Wladimiro Dorigo was in charge of the urban plan of Venice in critical years of the post-war restructuring, from 1956 to 1958, but he continued to be involved in the problems of Venice and its surroundings both from a sociopolitical and a historical point of view.
Although he later became a Professor of medioeval art history, his most important books are centered on Venice in the ancient times, with research on the scientific evidence for the effects of climate change of the relationship of the city with its lagoon and waterways, and on the urbanistic and artistic life of Venice during the Romanic and medioeval periods.

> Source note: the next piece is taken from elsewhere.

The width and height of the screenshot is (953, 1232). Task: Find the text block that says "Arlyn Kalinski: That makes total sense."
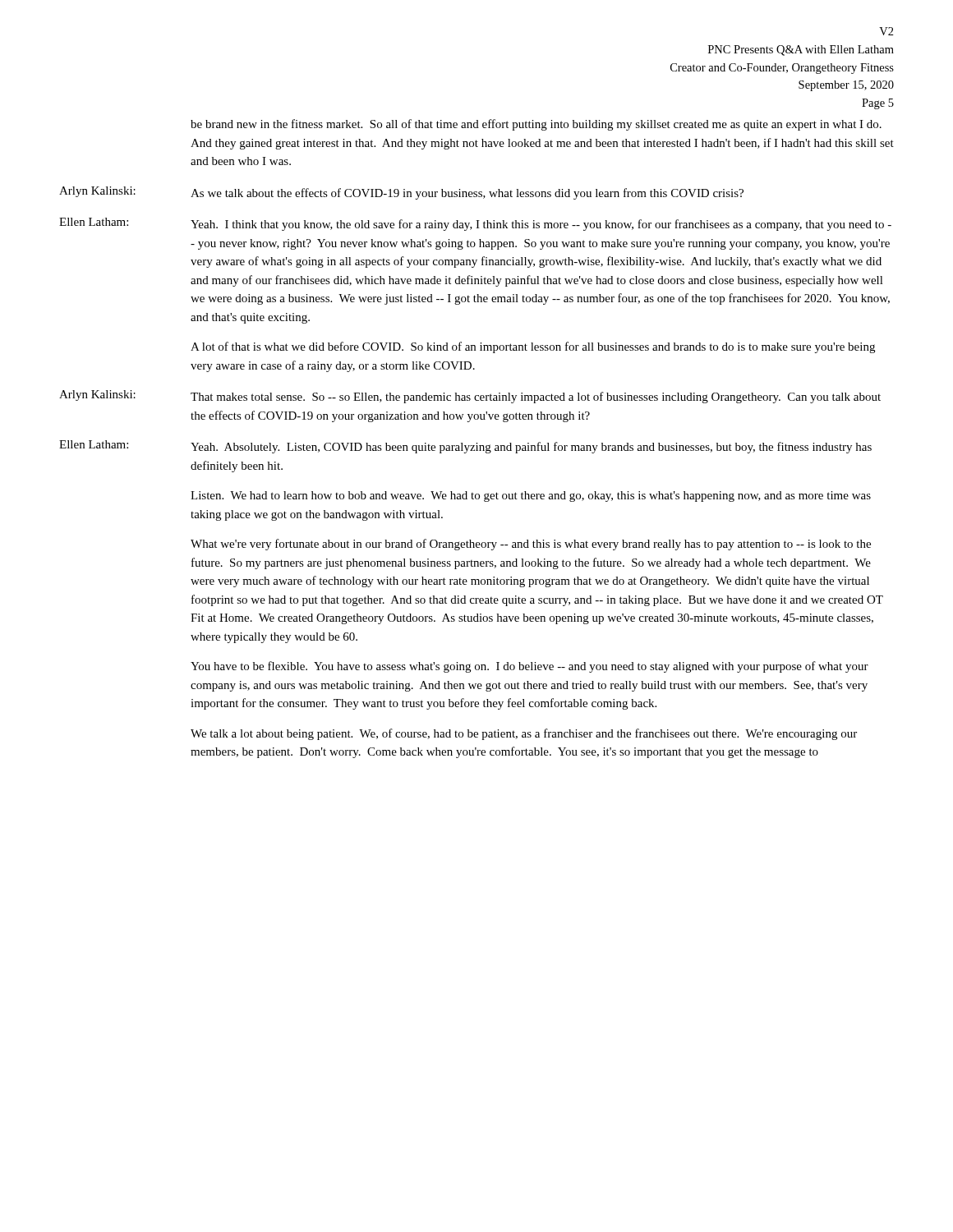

This morning Wladimiro gave a long lecture on the history of the last 50 years of Venice, its problems, the attempted solutions, and the entanglement of good and bad ideas for the solution of problems of Venice and its surroundings with political friction against their realization. He finished by warning against micromanagement and political and economical interests, which already killed Venice as a city (the 175000 inhabitants of the late 50's are now reduced to 58000) and threatens its existence in the present century, due to the insufficient measures against rapid climate change and the effects on the Venice lagoon, of which evidence has been brought by his studies of water levels in the medioeval ages as well as by ice core sampling in Greenland.